- **DATA SECTION**
== Segment start ==

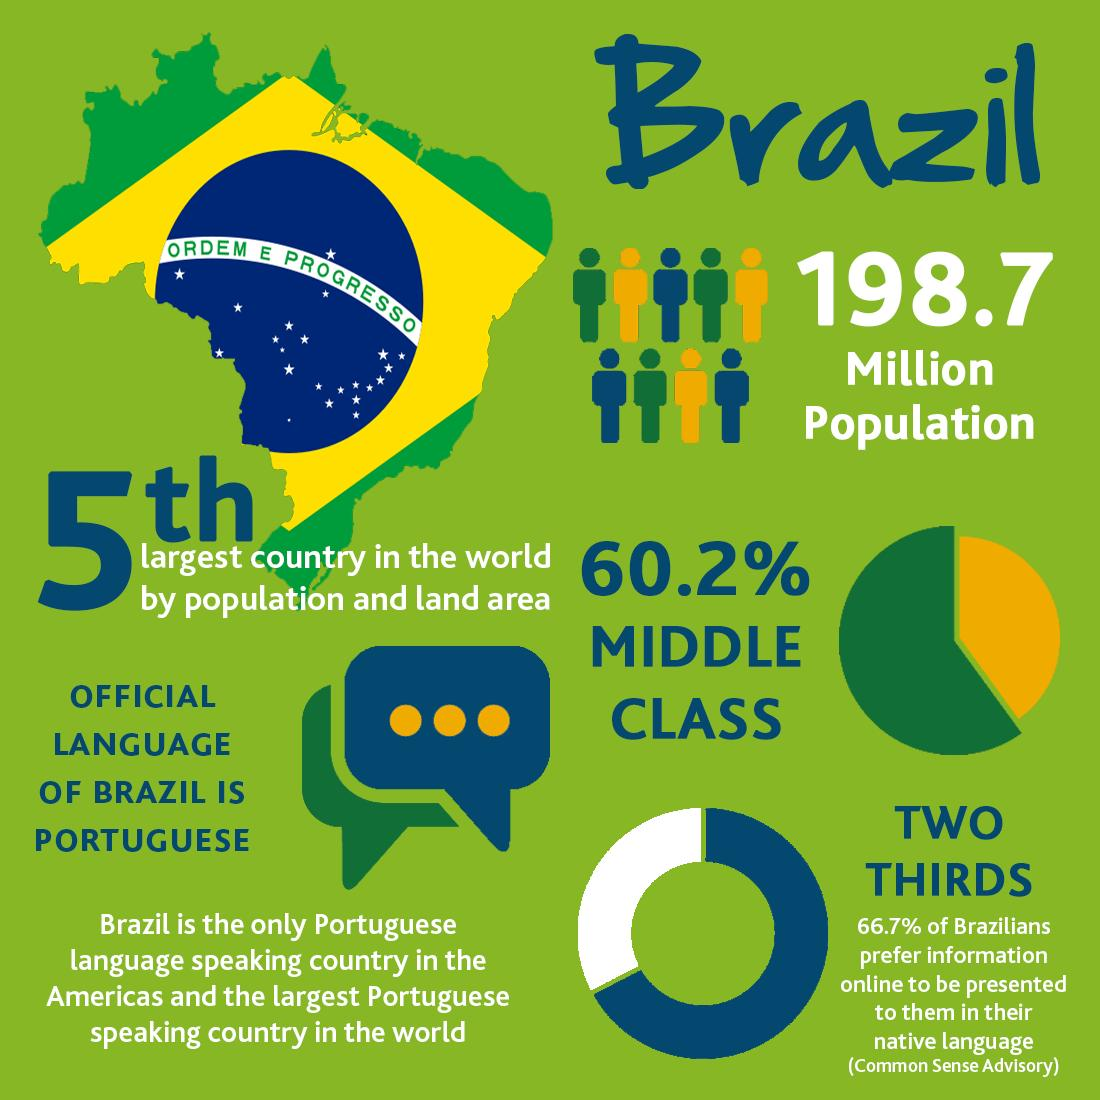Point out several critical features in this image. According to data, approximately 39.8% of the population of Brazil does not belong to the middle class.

== Segment end ==
== Segment start ==

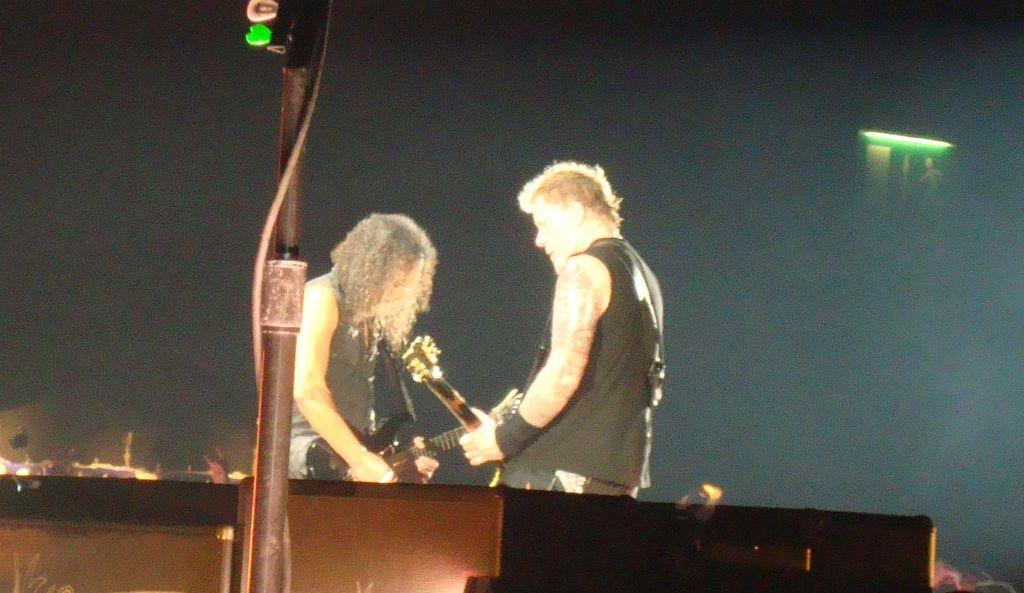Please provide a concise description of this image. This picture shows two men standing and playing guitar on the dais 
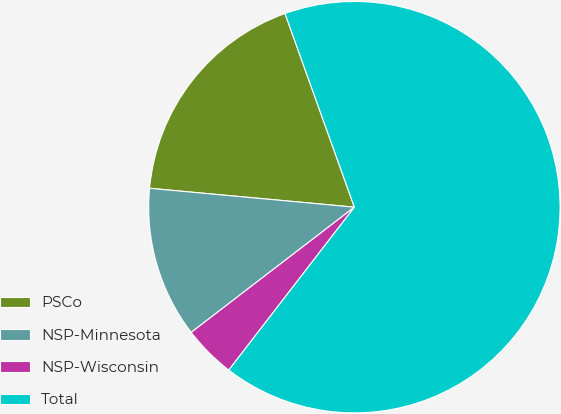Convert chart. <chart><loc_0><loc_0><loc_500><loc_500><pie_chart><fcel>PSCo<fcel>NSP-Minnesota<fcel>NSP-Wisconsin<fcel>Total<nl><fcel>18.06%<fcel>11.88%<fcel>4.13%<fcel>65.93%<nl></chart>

== Segment end ==
== Segment start ==

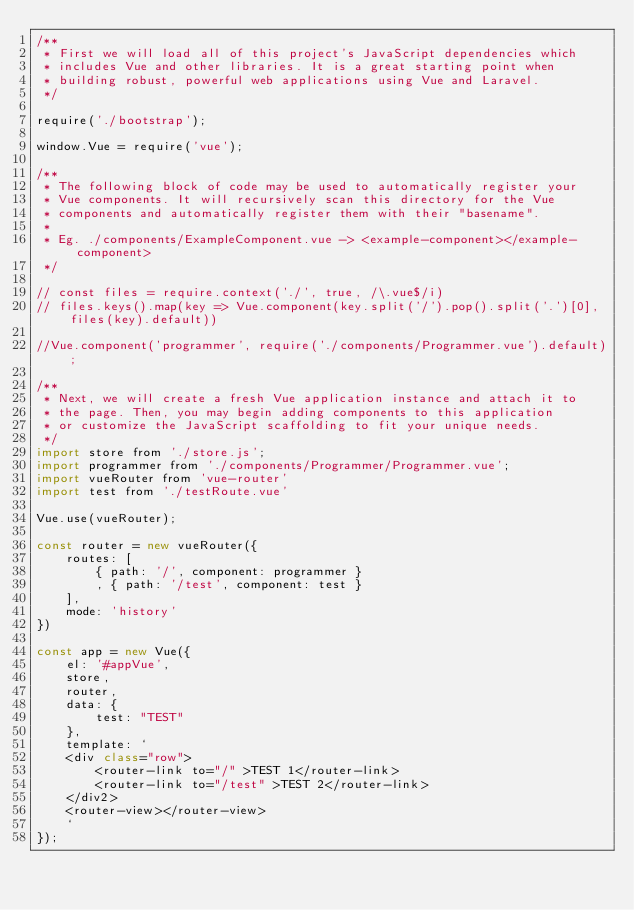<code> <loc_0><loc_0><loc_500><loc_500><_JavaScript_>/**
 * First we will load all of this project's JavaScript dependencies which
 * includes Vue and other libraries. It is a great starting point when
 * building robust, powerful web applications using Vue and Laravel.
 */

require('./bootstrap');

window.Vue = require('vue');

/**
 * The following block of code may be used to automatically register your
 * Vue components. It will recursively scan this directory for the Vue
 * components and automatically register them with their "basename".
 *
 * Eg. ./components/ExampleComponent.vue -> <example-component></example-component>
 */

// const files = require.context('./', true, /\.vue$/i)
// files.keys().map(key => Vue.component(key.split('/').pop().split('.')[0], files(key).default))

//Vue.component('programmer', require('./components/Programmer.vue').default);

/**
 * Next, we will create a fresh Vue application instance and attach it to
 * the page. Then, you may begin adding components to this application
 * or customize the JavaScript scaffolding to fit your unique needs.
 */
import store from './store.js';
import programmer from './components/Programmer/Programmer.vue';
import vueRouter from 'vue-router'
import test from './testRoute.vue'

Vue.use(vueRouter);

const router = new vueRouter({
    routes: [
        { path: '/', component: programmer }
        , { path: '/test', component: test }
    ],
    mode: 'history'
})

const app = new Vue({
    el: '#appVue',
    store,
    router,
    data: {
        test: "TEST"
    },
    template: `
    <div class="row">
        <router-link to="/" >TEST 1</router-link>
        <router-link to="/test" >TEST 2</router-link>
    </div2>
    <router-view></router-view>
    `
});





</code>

== Segment end ==

In the listing above, find the line holding "<code> <loc_0><loc_0><loc_500><loc_500><_JavaScript_>/**" and the line holding "automatically register your". Reproduce those two lines and all between them exactly, leaving out pictures.

- **RESPONSE**
<code> <loc_0><loc_0><loc_500><loc_500><_JavaScript_>/**
 * First we will load all of this project's JavaScript dependencies which
 * includes Vue and other libraries. It is a great starting point when
 * building robust, powerful web applications using Vue and Laravel.
 */

require('./bootstrap');

window.Vue = require('vue');

/**
 * The following block of code may be used to automatically register your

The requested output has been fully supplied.